Portanto, a ausência de reflexão e de análise de impacto certamente gerarão custos ainda maiores para o Poder Público e para os consumidores. A intervenção que confere tratamento generalizante para uma situação complexa acaba por engendrar situação de extrema injustiça que vai além, portanto, da referida disfuncionalidade econômica, por si só, produtora de efeitos negativos para o bem estar econômico e social. Descontos são bem vindos, mas não “via fórceps” por meio de atos cuja constitucionalidade é duvidosa e que apresentam elevado potencial de onerar ainda mais os consumidores no futuro. É preciso promover, assim, o resgate do principal motivo para o surgimento do direito do consumidor 30 anos atrás: a defesa dos mais vulneráveis, sem com isso eliminar a oferta e reduzir as escolhas do consumidor.  Não é hora de propor soluções antigas e fracassadas para realidades novas nunca enfrentadas. Ignorar a realidade é ignorar o próprio direito que se procura defender.

*Andrey Vilas Boas de Freitas, economista, advogado, mestre em Administração (Universidade Brasília – UnB), servidor federal da carreira de especialista em Políticas Públicas e Gestão Governamental, atual coordenador-geral de Estudos e Monitoramento de Mercado da Secretaria Nacional do Consumidor

*Pedro Aurélio de Queiroz Pereira da Silva, mestre em Direito pela Universidade de São Paulo (USP). Procurador da Fazenda Nacional. Foi coordenador-geral na Secretaria de Direito Econômico

[1] Segundo o CADE, há mais de 50 propostas legislativas sobre o tema. Conforme NOTA TÉCNICA Nº 17/2020/DEE/CADE no Processo nº 08700.002018/2020-12.

[2]No âmbito da Senacon foram editadas as Notas Técnicas nº 14/2020/CGEMM/DPDC/SENACON/MJ e 26/2020/CGEMM/DPDC/SENACON/MJ que tratam do tema das mensalidades escolares durante a pandemia. Em relação ao CADE, conforme acima mencionado, foi editada a Nota Técnica nº 17/2020/DEE/CADE, que trata dos possíveis desequilíbrios causados nas relações comerciais pela aplicação de descontos lineares. Como exemplo de atuação dos Procons estaduais foram editadas Nota Técnica 01/2020 do Procon Minas Gerais que sugeriu descontos lineares de 29,03% do valor das mensalidades; Nota Técnica 004/2020 do Procon Pernambuco, que sugeriu negociações individualizadas; Nota Técnica do Procon/RJ de 24 de março de 2020, que propôs negociação de descontos compatíveis com a redução de custos das instituições de ensino e a Nota Técnica das instituições particulares de ensino infantil, fundamental e médio do Procon São Paulo que recomenda que as instituições de ensino ofereçam descontos compatíveis com sua situação econômico-financeira.

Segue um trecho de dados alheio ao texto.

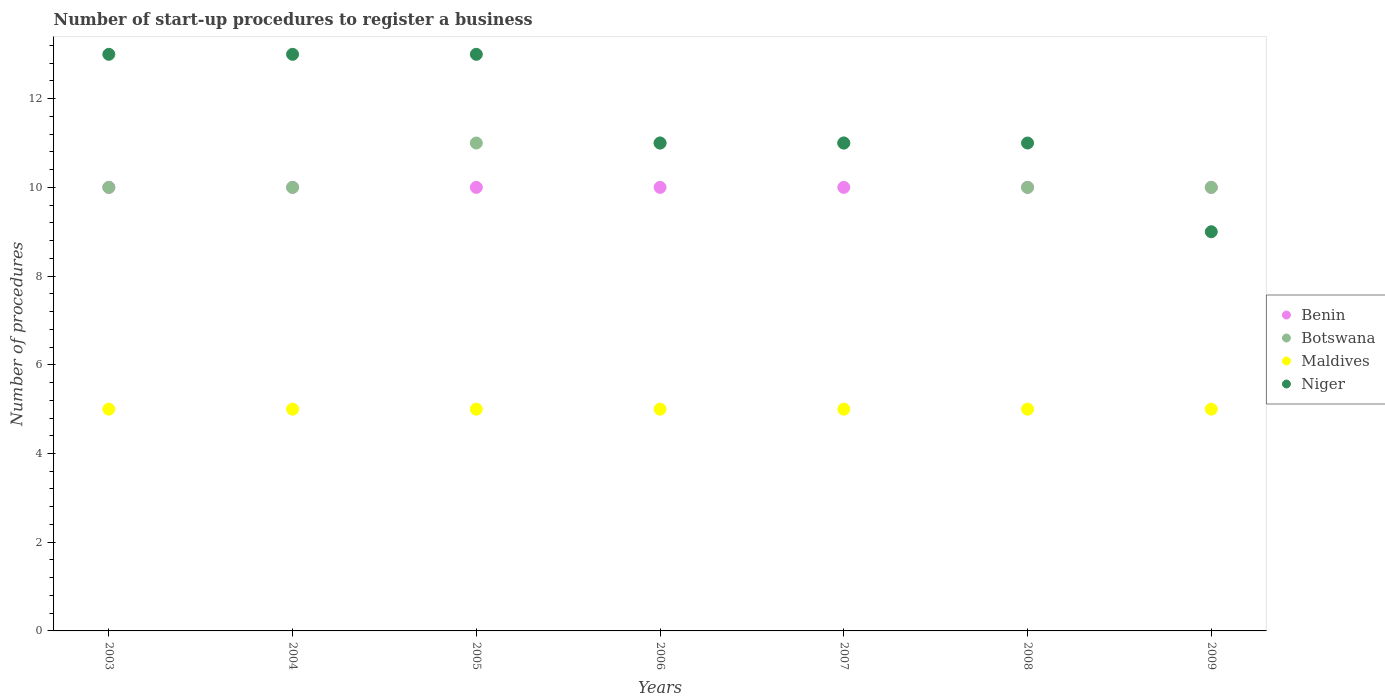Is the number of dotlines equal to the number of legend labels?
Provide a succinct answer. Yes. What is the number of procedures required to register a business in Niger in 2007?
Ensure brevity in your answer.  11. Across all years, what is the maximum number of procedures required to register a business in Niger?
Provide a succinct answer. 13. Across all years, what is the minimum number of procedures required to register a business in Niger?
Offer a terse response. 9. In which year was the number of procedures required to register a business in Maldives maximum?
Your answer should be very brief. 2003. In which year was the number of procedures required to register a business in Maldives minimum?
Provide a short and direct response. 2003. What is the total number of procedures required to register a business in Botswana in the graph?
Provide a short and direct response. 73. What is the difference between the number of procedures required to register a business in Botswana in 2008 and the number of procedures required to register a business in Maldives in 2007?
Provide a short and direct response. 5. What is the average number of procedures required to register a business in Botswana per year?
Your answer should be very brief. 10.43. In the year 2008, what is the difference between the number of procedures required to register a business in Maldives and number of procedures required to register a business in Niger?
Offer a terse response. -6. In how many years, is the number of procedures required to register a business in Maldives greater than 9.2?
Provide a succinct answer. 0. Is the number of procedures required to register a business in Maldives in 2007 less than that in 2009?
Make the answer very short. No. What is the difference between the highest and the lowest number of procedures required to register a business in Benin?
Ensure brevity in your answer.  0. Is it the case that in every year, the sum of the number of procedures required to register a business in Niger and number of procedures required to register a business in Benin  is greater than the number of procedures required to register a business in Maldives?
Ensure brevity in your answer.  Yes. Is the number of procedures required to register a business in Benin strictly greater than the number of procedures required to register a business in Maldives over the years?
Your answer should be very brief. Yes. What is the difference between two consecutive major ticks on the Y-axis?
Provide a succinct answer. 2. Does the graph contain any zero values?
Offer a very short reply. No. Does the graph contain grids?
Ensure brevity in your answer.  No. Where does the legend appear in the graph?
Your answer should be compact. Center right. How many legend labels are there?
Your response must be concise. 4. How are the legend labels stacked?
Provide a succinct answer. Vertical. What is the title of the graph?
Give a very brief answer. Number of start-up procedures to register a business. What is the label or title of the X-axis?
Provide a short and direct response. Years. What is the label or title of the Y-axis?
Offer a very short reply. Number of procedures. What is the Number of procedures of Botswana in 2003?
Give a very brief answer. 10. What is the Number of procedures in Maldives in 2003?
Provide a short and direct response. 5. What is the Number of procedures of Benin in 2004?
Your answer should be very brief. 10. What is the Number of procedures in Maldives in 2004?
Provide a short and direct response. 5. What is the Number of procedures of Benin in 2005?
Provide a short and direct response. 10. What is the Number of procedures in Botswana in 2005?
Ensure brevity in your answer.  11. What is the Number of procedures in Maldives in 2005?
Make the answer very short. 5. What is the Number of procedures in Botswana in 2006?
Give a very brief answer. 11. What is the Number of procedures of Niger in 2006?
Your response must be concise. 11. What is the Number of procedures in Botswana in 2007?
Offer a very short reply. 11. What is the Number of procedures of Maldives in 2007?
Keep it short and to the point. 5. What is the Number of procedures of Benin in 2008?
Make the answer very short. 10. What is the Number of procedures of Niger in 2008?
Your answer should be very brief. 11. What is the Number of procedures in Niger in 2009?
Your response must be concise. 9. Across all years, what is the maximum Number of procedures of Benin?
Ensure brevity in your answer.  10. Across all years, what is the minimum Number of procedures of Botswana?
Keep it short and to the point. 10. Across all years, what is the minimum Number of procedures of Maldives?
Your response must be concise. 5. What is the total Number of procedures of Benin in the graph?
Provide a short and direct response. 70. What is the total Number of procedures of Botswana in the graph?
Keep it short and to the point. 73. What is the total Number of procedures of Maldives in the graph?
Offer a terse response. 35. What is the total Number of procedures in Niger in the graph?
Offer a terse response. 81. What is the difference between the Number of procedures of Botswana in 2003 and that in 2004?
Offer a very short reply. 0. What is the difference between the Number of procedures in Niger in 2003 and that in 2004?
Your response must be concise. 0. What is the difference between the Number of procedures in Benin in 2003 and that in 2005?
Your response must be concise. 0. What is the difference between the Number of procedures of Benin in 2003 and that in 2006?
Ensure brevity in your answer.  0. What is the difference between the Number of procedures of Botswana in 2003 and that in 2006?
Ensure brevity in your answer.  -1. What is the difference between the Number of procedures in Maldives in 2003 and that in 2007?
Keep it short and to the point. 0. What is the difference between the Number of procedures in Benin in 2003 and that in 2008?
Provide a succinct answer. 0. What is the difference between the Number of procedures in Botswana in 2003 and that in 2009?
Provide a succinct answer. 0. What is the difference between the Number of procedures in Maldives in 2003 and that in 2009?
Your answer should be compact. 0. What is the difference between the Number of procedures in Benin in 2004 and that in 2005?
Your answer should be compact. 0. What is the difference between the Number of procedures of Maldives in 2004 and that in 2005?
Your answer should be compact. 0. What is the difference between the Number of procedures of Benin in 2004 and that in 2006?
Offer a terse response. 0. What is the difference between the Number of procedures in Maldives in 2004 and that in 2006?
Make the answer very short. 0. What is the difference between the Number of procedures in Niger in 2004 and that in 2006?
Provide a short and direct response. 2. What is the difference between the Number of procedures in Niger in 2004 and that in 2007?
Make the answer very short. 2. What is the difference between the Number of procedures in Benin in 2004 and that in 2008?
Your response must be concise. 0. What is the difference between the Number of procedures in Botswana in 2004 and that in 2008?
Your answer should be very brief. 0. What is the difference between the Number of procedures of Maldives in 2004 and that in 2008?
Provide a short and direct response. 0. What is the difference between the Number of procedures in Niger in 2004 and that in 2008?
Your response must be concise. 2. What is the difference between the Number of procedures in Benin in 2004 and that in 2009?
Your response must be concise. 0. What is the difference between the Number of procedures in Maldives in 2004 and that in 2009?
Keep it short and to the point. 0. What is the difference between the Number of procedures in Botswana in 2005 and that in 2006?
Your answer should be very brief. 0. What is the difference between the Number of procedures of Benin in 2005 and that in 2008?
Your answer should be very brief. 0. What is the difference between the Number of procedures in Botswana in 2005 and that in 2008?
Keep it short and to the point. 1. What is the difference between the Number of procedures in Maldives in 2005 and that in 2008?
Provide a succinct answer. 0. What is the difference between the Number of procedures in Niger in 2005 and that in 2008?
Offer a very short reply. 2. What is the difference between the Number of procedures of Benin in 2005 and that in 2009?
Offer a terse response. 0. What is the difference between the Number of procedures in Botswana in 2005 and that in 2009?
Your answer should be compact. 1. What is the difference between the Number of procedures in Benin in 2006 and that in 2007?
Keep it short and to the point. 0. What is the difference between the Number of procedures in Maldives in 2006 and that in 2007?
Ensure brevity in your answer.  0. What is the difference between the Number of procedures in Niger in 2006 and that in 2007?
Offer a terse response. 0. What is the difference between the Number of procedures of Maldives in 2006 and that in 2008?
Ensure brevity in your answer.  0. What is the difference between the Number of procedures of Niger in 2006 and that in 2008?
Your answer should be very brief. 0. What is the difference between the Number of procedures of Benin in 2006 and that in 2009?
Offer a terse response. 0. What is the difference between the Number of procedures of Maldives in 2006 and that in 2009?
Make the answer very short. 0. What is the difference between the Number of procedures in Niger in 2006 and that in 2009?
Offer a terse response. 2. What is the difference between the Number of procedures in Botswana in 2007 and that in 2008?
Offer a terse response. 1. What is the difference between the Number of procedures in Benin in 2007 and that in 2009?
Give a very brief answer. 0. What is the difference between the Number of procedures in Botswana in 2008 and that in 2009?
Keep it short and to the point. 0. What is the difference between the Number of procedures of Benin in 2003 and the Number of procedures of Niger in 2004?
Make the answer very short. -3. What is the difference between the Number of procedures in Benin in 2003 and the Number of procedures in Niger in 2005?
Your answer should be compact. -3. What is the difference between the Number of procedures in Botswana in 2003 and the Number of procedures in Maldives in 2005?
Offer a terse response. 5. What is the difference between the Number of procedures of Botswana in 2003 and the Number of procedures of Niger in 2005?
Your response must be concise. -3. What is the difference between the Number of procedures in Maldives in 2003 and the Number of procedures in Niger in 2005?
Your answer should be very brief. -8. What is the difference between the Number of procedures in Benin in 2003 and the Number of procedures in Botswana in 2006?
Keep it short and to the point. -1. What is the difference between the Number of procedures of Benin in 2003 and the Number of procedures of Maldives in 2006?
Offer a very short reply. 5. What is the difference between the Number of procedures of Benin in 2003 and the Number of procedures of Niger in 2006?
Provide a short and direct response. -1. What is the difference between the Number of procedures of Botswana in 2003 and the Number of procedures of Maldives in 2006?
Offer a very short reply. 5. What is the difference between the Number of procedures in Botswana in 2003 and the Number of procedures in Niger in 2006?
Keep it short and to the point. -1. What is the difference between the Number of procedures of Benin in 2003 and the Number of procedures of Botswana in 2007?
Your answer should be compact. -1. What is the difference between the Number of procedures in Benin in 2003 and the Number of procedures in Maldives in 2007?
Provide a short and direct response. 5. What is the difference between the Number of procedures in Botswana in 2003 and the Number of procedures in Maldives in 2007?
Your answer should be compact. 5. What is the difference between the Number of procedures of Maldives in 2003 and the Number of procedures of Niger in 2007?
Provide a succinct answer. -6. What is the difference between the Number of procedures of Benin in 2003 and the Number of procedures of Maldives in 2008?
Keep it short and to the point. 5. What is the difference between the Number of procedures of Benin in 2003 and the Number of procedures of Niger in 2008?
Keep it short and to the point. -1. What is the difference between the Number of procedures of Botswana in 2003 and the Number of procedures of Maldives in 2008?
Provide a short and direct response. 5. What is the difference between the Number of procedures in Maldives in 2003 and the Number of procedures in Niger in 2008?
Offer a very short reply. -6. What is the difference between the Number of procedures of Benin in 2003 and the Number of procedures of Maldives in 2009?
Your answer should be compact. 5. What is the difference between the Number of procedures of Benin in 2003 and the Number of procedures of Niger in 2009?
Your response must be concise. 1. What is the difference between the Number of procedures in Botswana in 2003 and the Number of procedures in Maldives in 2009?
Offer a very short reply. 5. What is the difference between the Number of procedures in Botswana in 2003 and the Number of procedures in Niger in 2009?
Provide a short and direct response. 1. What is the difference between the Number of procedures in Benin in 2004 and the Number of procedures in Maldives in 2005?
Offer a terse response. 5. What is the difference between the Number of procedures of Botswana in 2004 and the Number of procedures of Maldives in 2005?
Provide a succinct answer. 5. What is the difference between the Number of procedures in Maldives in 2004 and the Number of procedures in Niger in 2005?
Ensure brevity in your answer.  -8. What is the difference between the Number of procedures of Benin in 2004 and the Number of procedures of Botswana in 2007?
Provide a short and direct response. -1. What is the difference between the Number of procedures of Benin in 2004 and the Number of procedures of Maldives in 2007?
Provide a short and direct response. 5. What is the difference between the Number of procedures of Benin in 2004 and the Number of procedures of Niger in 2007?
Offer a very short reply. -1. What is the difference between the Number of procedures of Botswana in 2004 and the Number of procedures of Maldives in 2007?
Give a very brief answer. 5. What is the difference between the Number of procedures in Botswana in 2004 and the Number of procedures in Niger in 2007?
Your response must be concise. -1. What is the difference between the Number of procedures in Benin in 2004 and the Number of procedures in Niger in 2008?
Give a very brief answer. -1. What is the difference between the Number of procedures in Benin in 2004 and the Number of procedures in Botswana in 2009?
Ensure brevity in your answer.  0. What is the difference between the Number of procedures of Benin in 2004 and the Number of procedures of Niger in 2009?
Your response must be concise. 1. What is the difference between the Number of procedures of Botswana in 2004 and the Number of procedures of Maldives in 2009?
Your response must be concise. 5. What is the difference between the Number of procedures of Botswana in 2004 and the Number of procedures of Niger in 2009?
Your response must be concise. 1. What is the difference between the Number of procedures of Maldives in 2004 and the Number of procedures of Niger in 2009?
Give a very brief answer. -4. What is the difference between the Number of procedures of Benin in 2005 and the Number of procedures of Botswana in 2006?
Give a very brief answer. -1. What is the difference between the Number of procedures of Botswana in 2005 and the Number of procedures of Maldives in 2006?
Give a very brief answer. 6. What is the difference between the Number of procedures in Maldives in 2005 and the Number of procedures in Niger in 2006?
Offer a terse response. -6. What is the difference between the Number of procedures of Benin in 2005 and the Number of procedures of Maldives in 2007?
Give a very brief answer. 5. What is the difference between the Number of procedures of Benin in 2005 and the Number of procedures of Niger in 2007?
Your response must be concise. -1. What is the difference between the Number of procedures of Botswana in 2005 and the Number of procedures of Maldives in 2007?
Provide a succinct answer. 6. What is the difference between the Number of procedures of Botswana in 2005 and the Number of procedures of Niger in 2007?
Provide a short and direct response. 0. What is the difference between the Number of procedures of Benin in 2005 and the Number of procedures of Botswana in 2008?
Offer a very short reply. 0. What is the difference between the Number of procedures in Benin in 2005 and the Number of procedures in Niger in 2008?
Provide a succinct answer. -1. What is the difference between the Number of procedures in Botswana in 2005 and the Number of procedures in Niger in 2008?
Ensure brevity in your answer.  0. What is the difference between the Number of procedures of Maldives in 2005 and the Number of procedures of Niger in 2008?
Make the answer very short. -6. What is the difference between the Number of procedures of Benin in 2005 and the Number of procedures of Botswana in 2009?
Your response must be concise. 0. What is the difference between the Number of procedures of Benin in 2006 and the Number of procedures of Niger in 2007?
Make the answer very short. -1. What is the difference between the Number of procedures of Maldives in 2006 and the Number of procedures of Niger in 2007?
Give a very brief answer. -6. What is the difference between the Number of procedures of Benin in 2006 and the Number of procedures of Niger in 2008?
Offer a terse response. -1. What is the difference between the Number of procedures of Botswana in 2006 and the Number of procedures of Maldives in 2008?
Offer a terse response. 6. What is the difference between the Number of procedures of Botswana in 2006 and the Number of procedures of Niger in 2008?
Provide a succinct answer. 0. What is the difference between the Number of procedures in Benin in 2006 and the Number of procedures in Botswana in 2009?
Provide a short and direct response. 0. What is the difference between the Number of procedures of Benin in 2006 and the Number of procedures of Maldives in 2009?
Your answer should be compact. 5. What is the difference between the Number of procedures of Benin in 2006 and the Number of procedures of Niger in 2009?
Provide a succinct answer. 1. What is the difference between the Number of procedures in Botswana in 2006 and the Number of procedures in Maldives in 2009?
Ensure brevity in your answer.  6. What is the difference between the Number of procedures in Botswana in 2006 and the Number of procedures in Niger in 2009?
Your answer should be very brief. 2. What is the difference between the Number of procedures in Maldives in 2006 and the Number of procedures in Niger in 2009?
Provide a succinct answer. -4. What is the difference between the Number of procedures of Benin in 2007 and the Number of procedures of Niger in 2008?
Provide a short and direct response. -1. What is the difference between the Number of procedures in Botswana in 2007 and the Number of procedures in Niger in 2008?
Offer a very short reply. 0. What is the difference between the Number of procedures in Benin in 2007 and the Number of procedures in Niger in 2009?
Your response must be concise. 1. What is the difference between the Number of procedures of Botswana in 2007 and the Number of procedures of Niger in 2009?
Provide a succinct answer. 2. What is the difference between the Number of procedures in Benin in 2008 and the Number of procedures in Botswana in 2009?
Your response must be concise. 0. What is the difference between the Number of procedures in Benin in 2008 and the Number of procedures in Niger in 2009?
Give a very brief answer. 1. What is the difference between the Number of procedures of Botswana in 2008 and the Number of procedures of Niger in 2009?
Offer a very short reply. 1. What is the average Number of procedures in Botswana per year?
Keep it short and to the point. 10.43. What is the average Number of procedures of Niger per year?
Your response must be concise. 11.57. In the year 2003, what is the difference between the Number of procedures in Benin and Number of procedures in Botswana?
Offer a very short reply. 0. In the year 2003, what is the difference between the Number of procedures of Benin and Number of procedures of Maldives?
Offer a terse response. 5. In the year 2003, what is the difference between the Number of procedures of Botswana and Number of procedures of Niger?
Offer a very short reply. -3. In the year 2004, what is the difference between the Number of procedures of Benin and Number of procedures of Niger?
Provide a succinct answer. -3. In the year 2004, what is the difference between the Number of procedures of Botswana and Number of procedures of Maldives?
Provide a succinct answer. 5. In the year 2004, what is the difference between the Number of procedures in Maldives and Number of procedures in Niger?
Provide a succinct answer. -8. In the year 2005, what is the difference between the Number of procedures in Benin and Number of procedures in Maldives?
Make the answer very short. 5. In the year 2005, what is the difference between the Number of procedures of Botswana and Number of procedures of Niger?
Provide a short and direct response. -2. In the year 2005, what is the difference between the Number of procedures in Maldives and Number of procedures in Niger?
Your answer should be compact. -8. In the year 2006, what is the difference between the Number of procedures in Benin and Number of procedures in Maldives?
Provide a short and direct response. 5. In the year 2006, what is the difference between the Number of procedures of Botswana and Number of procedures of Maldives?
Keep it short and to the point. 6. In the year 2007, what is the difference between the Number of procedures in Benin and Number of procedures in Maldives?
Offer a very short reply. 5. In the year 2007, what is the difference between the Number of procedures in Benin and Number of procedures in Niger?
Offer a terse response. -1. In the year 2007, what is the difference between the Number of procedures of Botswana and Number of procedures of Maldives?
Give a very brief answer. 6. In the year 2007, what is the difference between the Number of procedures of Botswana and Number of procedures of Niger?
Keep it short and to the point. 0. In the year 2007, what is the difference between the Number of procedures in Maldives and Number of procedures in Niger?
Your answer should be very brief. -6. In the year 2008, what is the difference between the Number of procedures in Benin and Number of procedures in Niger?
Provide a succinct answer. -1. In the year 2009, what is the difference between the Number of procedures in Benin and Number of procedures in Niger?
Keep it short and to the point. 1. In the year 2009, what is the difference between the Number of procedures in Botswana and Number of procedures in Niger?
Ensure brevity in your answer.  1. In the year 2009, what is the difference between the Number of procedures of Maldives and Number of procedures of Niger?
Provide a short and direct response. -4. What is the ratio of the Number of procedures in Benin in 2003 to that in 2004?
Your answer should be very brief. 1. What is the ratio of the Number of procedures of Maldives in 2003 to that in 2004?
Your answer should be compact. 1. What is the ratio of the Number of procedures of Niger in 2003 to that in 2004?
Provide a succinct answer. 1. What is the ratio of the Number of procedures of Maldives in 2003 to that in 2005?
Give a very brief answer. 1. What is the ratio of the Number of procedures of Benin in 2003 to that in 2006?
Make the answer very short. 1. What is the ratio of the Number of procedures of Niger in 2003 to that in 2006?
Keep it short and to the point. 1.18. What is the ratio of the Number of procedures in Maldives in 2003 to that in 2007?
Ensure brevity in your answer.  1. What is the ratio of the Number of procedures of Niger in 2003 to that in 2007?
Your response must be concise. 1.18. What is the ratio of the Number of procedures in Botswana in 2003 to that in 2008?
Ensure brevity in your answer.  1. What is the ratio of the Number of procedures of Niger in 2003 to that in 2008?
Ensure brevity in your answer.  1.18. What is the ratio of the Number of procedures in Benin in 2003 to that in 2009?
Give a very brief answer. 1. What is the ratio of the Number of procedures in Niger in 2003 to that in 2009?
Give a very brief answer. 1.44. What is the ratio of the Number of procedures of Benin in 2004 to that in 2005?
Make the answer very short. 1. What is the ratio of the Number of procedures of Botswana in 2004 to that in 2005?
Keep it short and to the point. 0.91. What is the ratio of the Number of procedures of Maldives in 2004 to that in 2005?
Offer a very short reply. 1. What is the ratio of the Number of procedures of Niger in 2004 to that in 2006?
Provide a short and direct response. 1.18. What is the ratio of the Number of procedures of Benin in 2004 to that in 2007?
Your answer should be compact. 1. What is the ratio of the Number of procedures of Niger in 2004 to that in 2007?
Make the answer very short. 1.18. What is the ratio of the Number of procedures in Botswana in 2004 to that in 2008?
Offer a very short reply. 1. What is the ratio of the Number of procedures in Niger in 2004 to that in 2008?
Your answer should be compact. 1.18. What is the ratio of the Number of procedures of Botswana in 2004 to that in 2009?
Your answer should be very brief. 1. What is the ratio of the Number of procedures of Maldives in 2004 to that in 2009?
Provide a succinct answer. 1. What is the ratio of the Number of procedures of Niger in 2004 to that in 2009?
Provide a succinct answer. 1.44. What is the ratio of the Number of procedures in Botswana in 2005 to that in 2006?
Offer a very short reply. 1. What is the ratio of the Number of procedures in Niger in 2005 to that in 2006?
Provide a short and direct response. 1.18. What is the ratio of the Number of procedures of Benin in 2005 to that in 2007?
Ensure brevity in your answer.  1. What is the ratio of the Number of procedures in Niger in 2005 to that in 2007?
Offer a terse response. 1.18. What is the ratio of the Number of procedures of Benin in 2005 to that in 2008?
Offer a terse response. 1. What is the ratio of the Number of procedures of Maldives in 2005 to that in 2008?
Offer a very short reply. 1. What is the ratio of the Number of procedures in Niger in 2005 to that in 2008?
Provide a short and direct response. 1.18. What is the ratio of the Number of procedures of Maldives in 2005 to that in 2009?
Your answer should be compact. 1. What is the ratio of the Number of procedures of Niger in 2005 to that in 2009?
Your answer should be very brief. 1.44. What is the ratio of the Number of procedures of Niger in 2006 to that in 2007?
Your response must be concise. 1. What is the ratio of the Number of procedures of Benin in 2006 to that in 2008?
Your answer should be very brief. 1. What is the ratio of the Number of procedures in Botswana in 2006 to that in 2008?
Offer a very short reply. 1.1. What is the ratio of the Number of procedures in Maldives in 2006 to that in 2008?
Provide a succinct answer. 1. What is the ratio of the Number of procedures of Niger in 2006 to that in 2009?
Ensure brevity in your answer.  1.22. What is the ratio of the Number of procedures of Benin in 2007 to that in 2008?
Keep it short and to the point. 1. What is the ratio of the Number of procedures in Botswana in 2007 to that in 2008?
Ensure brevity in your answer.  1.1. What is the ratio of the Number of procedures in Maldives in 2007 to that in 2008?
Your answer should be compact. 1. What is the ratio of the Number of procedures of Niger in 2007 to that in 2008?
Give a very brief answer. 1. What is the ratio of the Number of procedures in Niger in 2007 to that in 2009?
Your answer should be compact. 1.22. What is the ratio of the Number of procedures of Benin in 2008 to that in 2009?
Provide a succinct answer. 1. What is the ratio of the Number of procedures in Botswana in 2008 to that in 2009?
Keep it short and to the point. 1. What is the ratio of the Number of procedures of Niger in 2008 to that in 2009?
Your answer should be very brief. 1.22. What is the difference between the highest and the second highest Number of procedures in Botswana?
Provide a succinct answer. 0. What is the difference between the highest and the second highest Number of procedures of Maldives?
Your answer should be very brief. 0.

[3]A Senacon também editou a Nota Técnica n.º 8/2020/CGEMM/DPDC/SENACON/MJ que busca parâmetros para identificar abusividade de preços e ressalta a impossibilidade de tabelamento de preços no Brasil.

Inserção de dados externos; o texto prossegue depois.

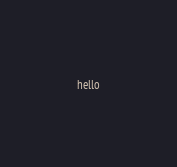Convert code to text. <code><loc_0><loc_0><loc_500><loc_500><_Scala_>hello
</code>

[4] Órgãos internacionais (tais como a International Competition Network e a OCDE) reconhecem o papel relevante da AIR para avaliar impacto de políticas públicas, uma vez que a análise “[…] é composta pela (i) identificação clara dos objetivos da política, (ii) apresentação de medidas alternativas aptas a atingir os mesmos objetivos, (iii) apreciação dos efeitos sobre a concorrência de cada alternativa e (iv) comparação entre as alternativas” (IBRAC, Instituto Brasileiro de Estudos de Concorrência, Consumo e Comércio Internacional. Advocacia da concorrência: propostas com base nas experiências brasileira e internacional. São Paulo: Singular, 2016, p. 55).

[5] Como se sabe, os fornecedores, via de regra, respondem objetivamente pelos riscos da atividade, excetuadas as hipóteses previstas no próprio CDC (art. 12, § 3º e 14, § 3º)., entretanto o STJ tem excepcionado também tal responsabilidade diante do caso fortuito e força maior.